Sometimes it's fun to confabulate a micro scenario to elucidate a problem. Let's assume that your kids decide to make some extra money this holiday season by baking and selling cookies (for the sake of convenience we'll ignore local health and tax laws;-). They also have a knack for business and quickly decide to engage some school friends in the production process. After experimenting and settling upon a few recipes, you front the money for raw materials and your offspring -- we'll call them the A-team -- distribute the butter, flour, sugar, baking powder, nuts and raisins to various friends to mix and bake at their respective homes. A-team then collects the cookies in bulk, has another friend do the packaging and then sets out to sell them to neighbors.
Ingredients cost $.03/cookie, the bakers are paid $.10/cookie, packager $.03/cookie, and A-team adds $.15/cookie for administrative costs for a wholesale cost of $.31/cookie – they're big cookies. Now, would it be correct to allocate the total cost-of-goods to be sold of 31 cents to the packager? Incredibly, that appears to be how globally outsourced production is allocated when calculating trade balances.
Today's WSJ reports that "Yuqing Xing and Neal Detert, two researchers at the Asian Development Bank Institute, a think tank in Tokyo ... say traditional ways of measuring global trade produce the number but fail to reflect the complexities of global commerce where the design, manufacturing and assembly of products often involve several countries." To wit, they "estimate that Apple Inc.'s iPhone -- one of the best-selling U.S. technology products -- actually added $1.9 billion to the U.S. trade deficit with China last year." But while "the entire $178.96 estimated wholesale cost of the shipped phone is credited to China, ... the value of the work performed by the Chinese workers at Hon Hai Precision Industry Co.[assembling and shipping the phones] accounts for just 3.6%, or $6.50, of the total." So "even though [the iPhone] is entirely designed and owned by a U.S. company, and is made largely of parts produced in several Asian and European countries ...trade statistics in both countries consider the iPhone a Chinese export to the U.S. ..."

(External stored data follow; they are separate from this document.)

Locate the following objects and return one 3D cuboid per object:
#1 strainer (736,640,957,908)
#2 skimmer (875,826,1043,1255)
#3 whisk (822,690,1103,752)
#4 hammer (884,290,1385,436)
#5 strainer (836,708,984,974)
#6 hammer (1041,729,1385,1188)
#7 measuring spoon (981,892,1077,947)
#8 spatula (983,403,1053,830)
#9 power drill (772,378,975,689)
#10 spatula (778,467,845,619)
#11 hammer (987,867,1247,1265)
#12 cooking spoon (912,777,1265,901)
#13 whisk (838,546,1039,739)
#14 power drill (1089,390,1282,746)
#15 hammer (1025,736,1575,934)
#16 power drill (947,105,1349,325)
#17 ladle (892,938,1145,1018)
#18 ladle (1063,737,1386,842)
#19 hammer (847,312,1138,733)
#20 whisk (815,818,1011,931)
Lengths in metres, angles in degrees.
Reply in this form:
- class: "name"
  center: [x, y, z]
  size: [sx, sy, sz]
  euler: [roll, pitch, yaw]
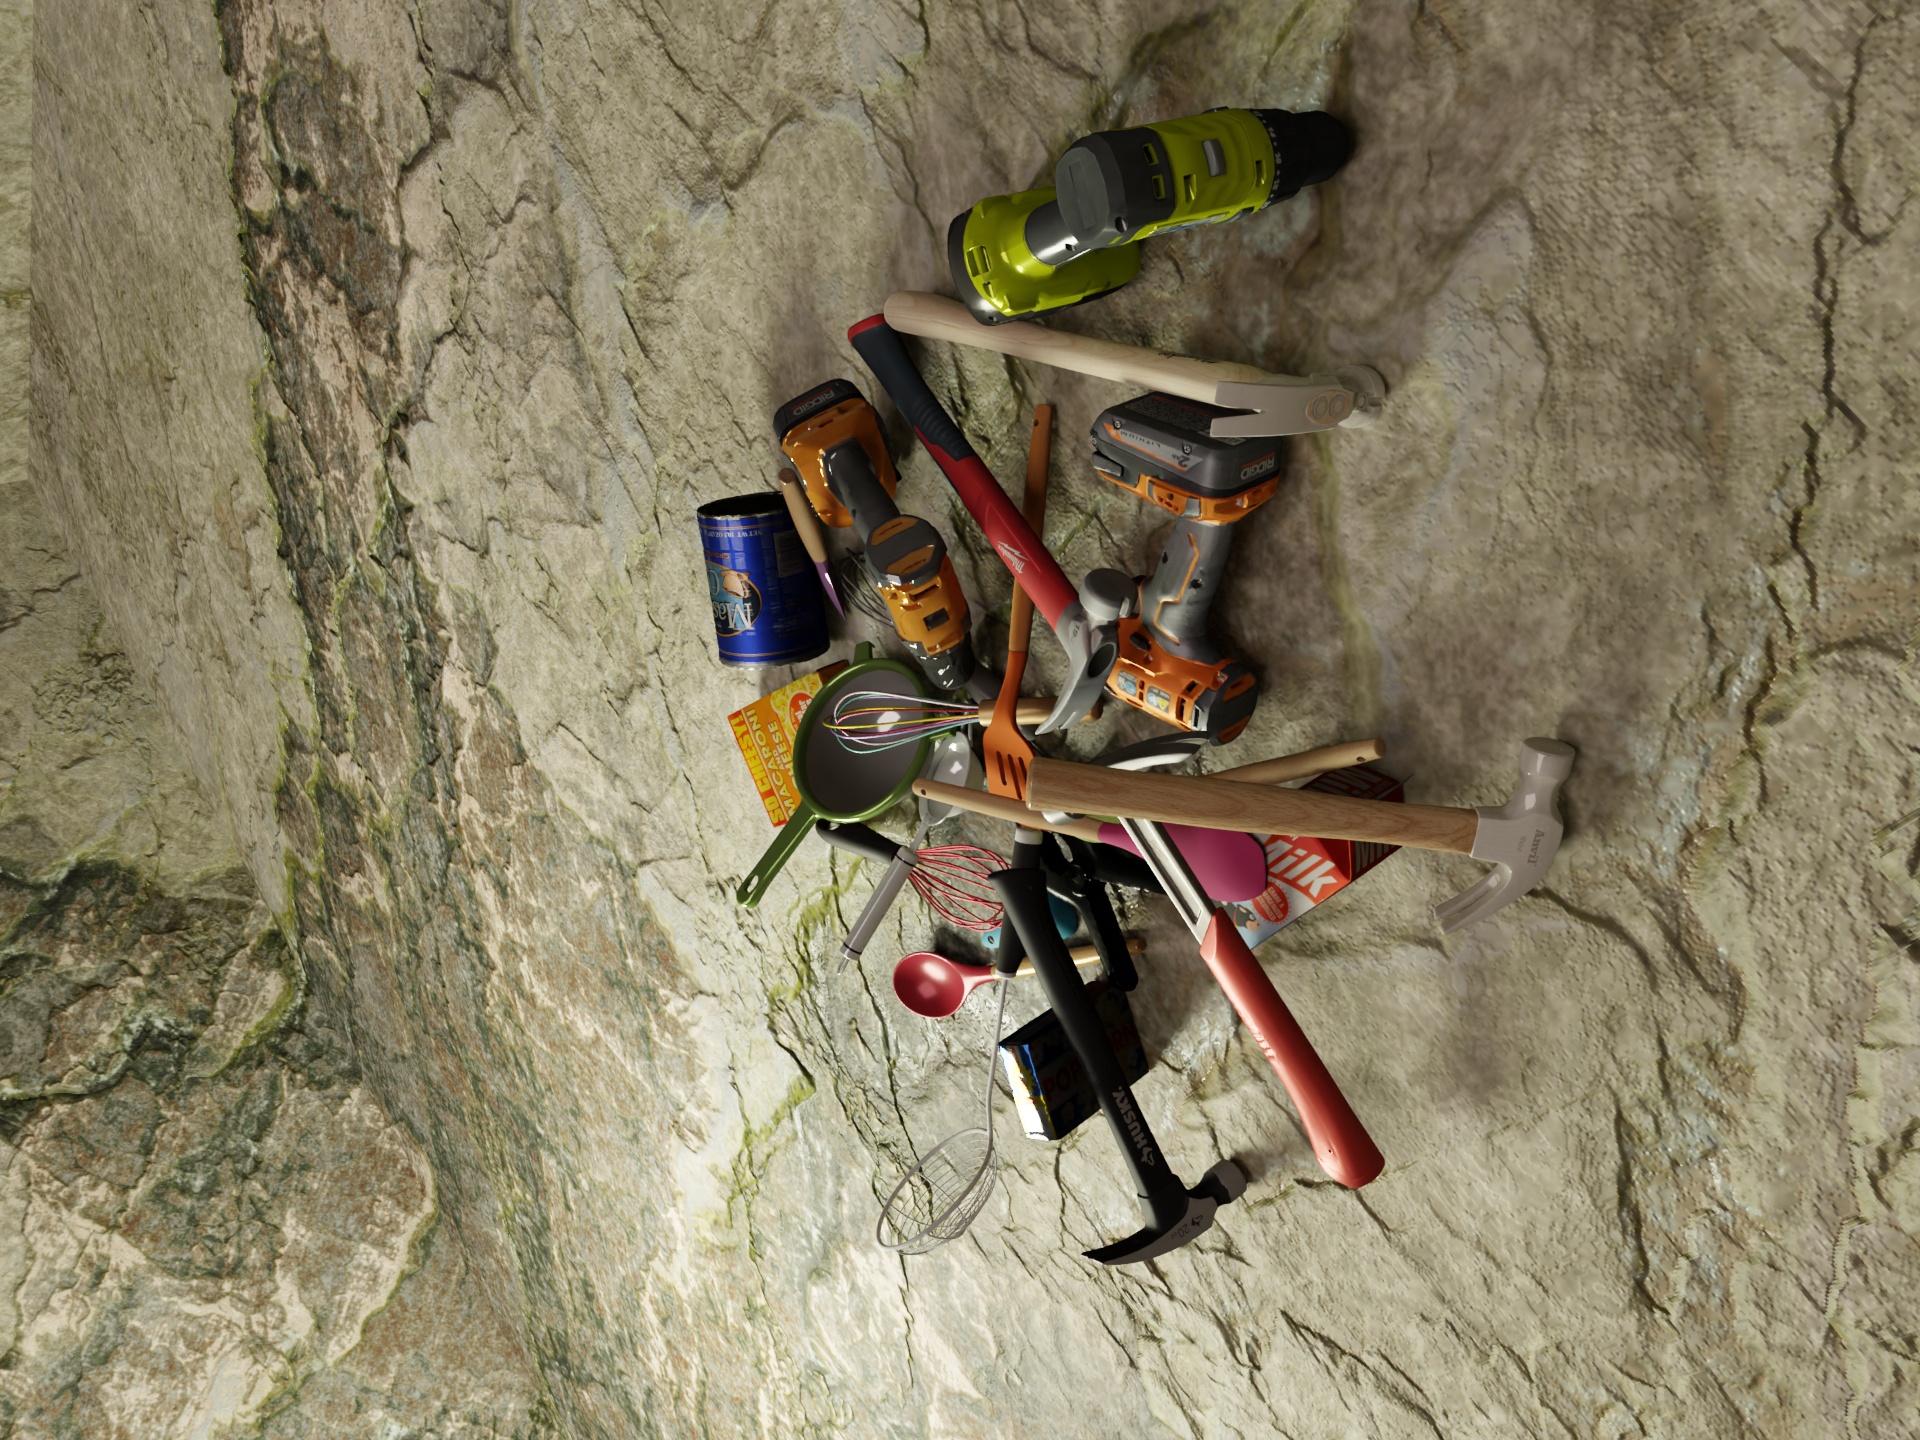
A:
- class: "strainer"
  center: [-0.101, 0.068, 1.398]
  size: [0.256, 0.069, 0.152]
  euler: [-53, 49, 6]
- class: "skimmer"
  center: [0.000, 0.262, 1.309]
  size: [0.127, 0.090, 0.363]
  euler: [-124, 42, -80]
- class: "whisk"
  center: [-0.003, -0.003, 1.288]
  size: [0.245, 0.047, 0.051]
  euler: [-2, 78, 25]
- class: "hammer"
  center: [0.078, -0.251, 1.085]
  size: [0.411, 0.146, 0.038]
  euler: [26, 119, 44]
- class: "strainer"
  center: [-0.040, 0.111, 1.372]
  size: [0.258, 0.050, 0.087]
  euler: [-59, 24, 5]
- class: "hammer"
  center: [0.200, 0.173, 1.103]
  size: [0.149, 0.037, 0.359]
  euler: [-24, 103, 46]
- class: "measuring spoon"
  center: [0.052, 0.183, 1.385]
  size: [0.128, 0.021, 0.042]
  euler: [-29, 85, 49]
- class: "spatula"
  center: [0.053, -0.077, 1.214]
  size: [0.081, 0.041, 0.322]
  euler: [13, 100, 50]
- class: "power drill"
  center: [-0.057, -0.140, 1.265]
  size: [0.226, 0.084, 0.185]
  euler: [60, 176, 33]
- class: "spatula"
  center: [-0.117, -0.141, 1.290]
  size: [0.315, 0.018, 0.060]
  euler: [79, 169, -77]
- class: "hammer"
  center: [0.102, 0.265, 1.248]
  size: [0.035, 0.146, 0.334]
  euler: [-13, 104, 63]
- class: "cooking spoon"
  center: [0.085, 0.078, 1.182]
  size: [0.319, 0.017, 0.068]
  euler: [12, 119, 39]
- class: "whisk"
  center: [-0.019, -0.066, 1.334]
  size: [0.239, 0.055, 0.055]
  euler: [44, 135, 19]
- class: "power drill"
  center: [0.138, -0.109, 1.116]
  size: [0.164, 0.084, 0.226]
  euler: [28, 130, 37]
- class: "hammer"
  center: [0.206, 0.060, 1.004]
  size: [0.331, 0.031, 0.130]
  euler: [6, 112, 5]
- class: "power drill"
  center: [0.110, -0.320, 0.993]
  size: [0.228, 0.190, 0.080]
  euler: [-1, 108, 63]
- class: "ladle"
  center: [0.047, 0.219, 1.405]
  size: [0.315, 0.031, 0.069]
  euler: [-20, 99, 48]
- class: "ladle"
  center: [0.176, 0.039, 1.141]
  size: [0.078, 0.062, 0.320]
  euler: [39, 148, -24]
- class: "hammer"
  center: [0.005, -0.167, 1.197]
  size: [0.387, 0.038, 0.143]
  euler: [58, 145, 33]
- class: "whisk"
  center: [-0.042, 0.129, 1.440]
  size: [0.296, 0.073, 0.073]
  euler: [17, 120, 48]

The Journal quotes Pascal Lamy, director-general of the World Trade Organization, from a speech in October saying "The concept of country of origin for manufactured goods has gradually become obsolete ... What we call 'Made in China' is indeed assembled in China, but what makes up the commercial value of the product comes from the numerous countries.." The potential impact upon currency valuation and accusations of unfair trading practices is staggering if this research can be validated and expanded. Mr Lamy claims that "if trade statistics were adjusted to reflect the actual value contributed to a product by different countries, the size of the U.S. trade deficit with China -- $226.88 billion, according to U.S. figures -- would be cut in half."
Spring can't come too soon. I wish this coverage was an April Fool's story.